This post was published in February 2010, so the information in the post or about me in the sidebar may no longer be correct.

EC3 at the University of York

During my first week at uni I posted about how I thought it was really cool that York were considering moving email, calendar and collaboration services to the cloud; EC3.

Tim pointed out on my original post today that the proposal was totally rejected, which is confirmed by the university’s own page:

The recommendation was that cloud computing services should not be taken up as a means of delivering central email, calendaring or instant messaging services for the University. The main factors contributing to this recommendation were concerns around issues of data protection, privacy, security and contractual arrangements.
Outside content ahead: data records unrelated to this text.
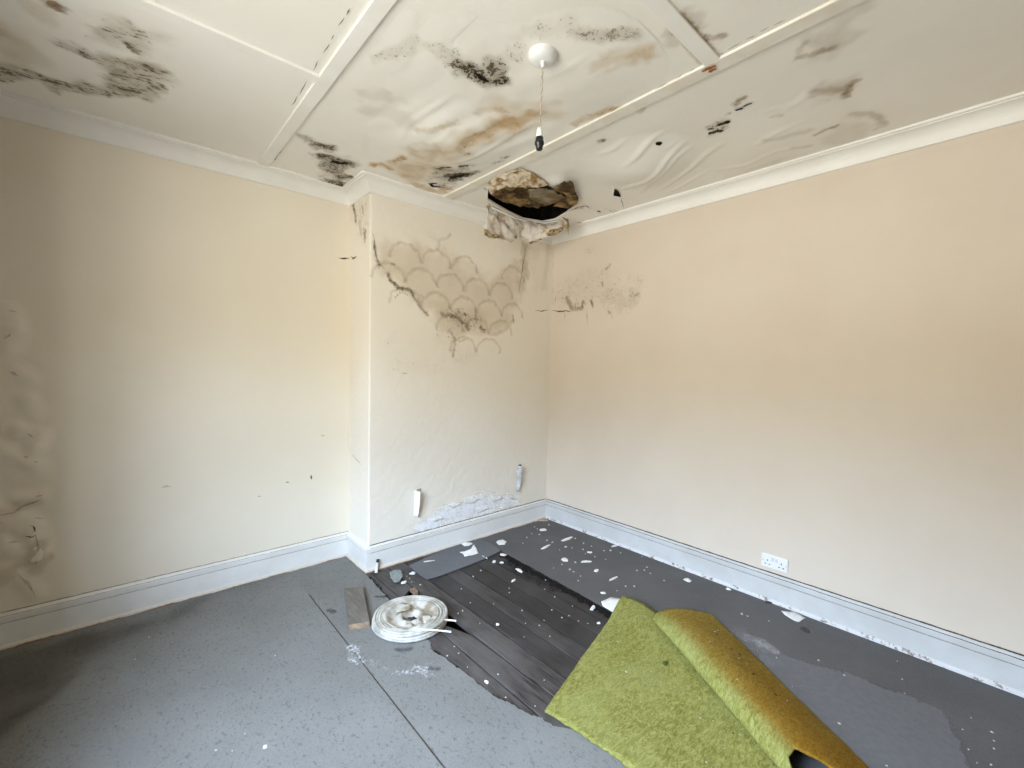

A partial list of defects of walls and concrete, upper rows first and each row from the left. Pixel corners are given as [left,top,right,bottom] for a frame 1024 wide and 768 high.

water stain [0,20,169,101]
water stain [445,47,520,88]
water stain [708,97,752,135]
water stain [297,135,356,186]
water stain [429,147,473,188]
peeling [414,464,522,532]
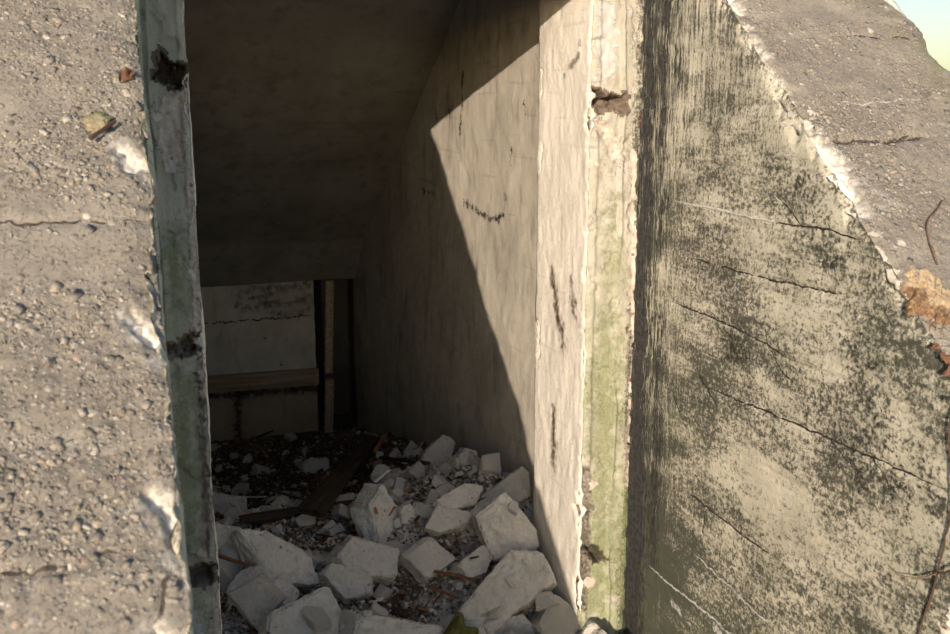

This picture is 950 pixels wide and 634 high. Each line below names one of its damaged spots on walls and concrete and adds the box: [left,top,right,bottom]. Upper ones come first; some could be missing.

spalling [150,44,189,93]
crack [828,135,923,144]
crack [0,219,146,227]
spalling [115,179,220,591]
peeling [589,85,638,487]
water stain [611,0,778,634]
crack [674,302,795,384]
crack [689,257,860,297]
crack [775,194,859,240]
crack [698,373,940,488]
water stain [787,164,854,289]
water stain [804,325,949,526]

They dumped it? The March 2009 issue of Keynotes (I’m a bit behind on this news, then) leads with:

The Cloud Computing project which has seen extensive work both within and without the Computing Service, and which has attracted much attention, has now concluded. The Project Team, writing on page 6, give an overview of the reasons to reject the use of cloud computing services at this time, a decision which, judging by the results of the extensive user consultation, will attract both disappointment and relief from amongst our users.

I’m disappointed. But not for me, for everybody else. The vast majority (80, 90%) of my friends use the university’s webmail service to get their email. I’ve posted about it before, and why it sucks. Because it looks like this. It’s 2010, and we’re still dealing with webmail that looks like that? Webmail that shows only fifty messages at a time and doesn’t group conversations? As we know, most users leave the default checkboxes, don’t bother to configure things and don’t dive into options. Sure, you can forward your email to a different, personal, even Gmail account. Do most people? Of course not.
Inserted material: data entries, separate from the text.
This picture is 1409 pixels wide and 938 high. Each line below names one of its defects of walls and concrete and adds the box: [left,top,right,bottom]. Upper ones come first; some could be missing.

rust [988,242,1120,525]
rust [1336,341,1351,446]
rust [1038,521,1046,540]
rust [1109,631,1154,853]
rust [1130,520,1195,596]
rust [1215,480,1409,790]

It’s a shame. When I first arrived at York, that flyer gave me hope that things might be different here. I’d grown up in a world where my school used an ancient version of Internet Explorer and blocked access to Google’s Gmail & Microsoft’s Hotmail. But it’s fine, because now I can see this university is just like any, and every, other corporation. Ah well.


Tom, last year’s (2008–2009) YUSU President, comments via Twitter:

I was part of that consultation last year. Their reasons are compelling - data protection and research privacy being the big two

That’s good to hear, as I trust Tom’s opinion over that of an IT department that I’ve never met.


By Farhan Mannan on 05 February 2010 at 17:04:

Is moving something to the cloud a front-end thing or a back-end thing? I’ve been reading up on/learning Erlang and a lot of its applications seem to be massively concurrent apps like IM, email, online databases etc. but with the traditional (?) client-server model

By Chris N on 05 February 2010 at 17:41:

I think you’re making two issues which are very different the same. There is decent webmail software, the University just doesn’t use it (but are presumably now looking into upgrading), and you can get that without necessarily having off-site e-mail.

By Tim on 05 February 2010 at 19:04:

yeah, apparently the next project is to “evaluate a range of new or upgraded systems to be hosted internally”, according to that EC3 page. You just know they’ll get it finished for next september when it won’t affect me.

By Alex Muller on 05 February 2010 at 20:48:

Farhan: changing my email provider to Google with this domain was as simple as changing a few DNS records. I’m not sure how it’d be for the uni though…

Chris & Tim: True; I hope they’ll be investigating (somewhat short-term!) decent webmail software now. While you could use decent webmail software, moving to Google Apps or Microsoft Live@Edu would remove the need for that, while providing other benefits (and problems, of course).

By Tim Ngwena on 06 September 2011 at 12:59:

Late to the game but UNI has now done a 180 on this with Google now having serveres available in Ireland to run the service. Long story short, servers based in the US put some of the data protection policies under question given american law on data protection, however now that they are in ireland and in the EU … its made it possible.

Either way its good thin for everyone with not just email but timetabling, global adress boks and many of the other google apps features which have moved on in the last year.

By Alex Muller on 06 September 2011 at 19:21:

Thanks very much Tim, great to hear!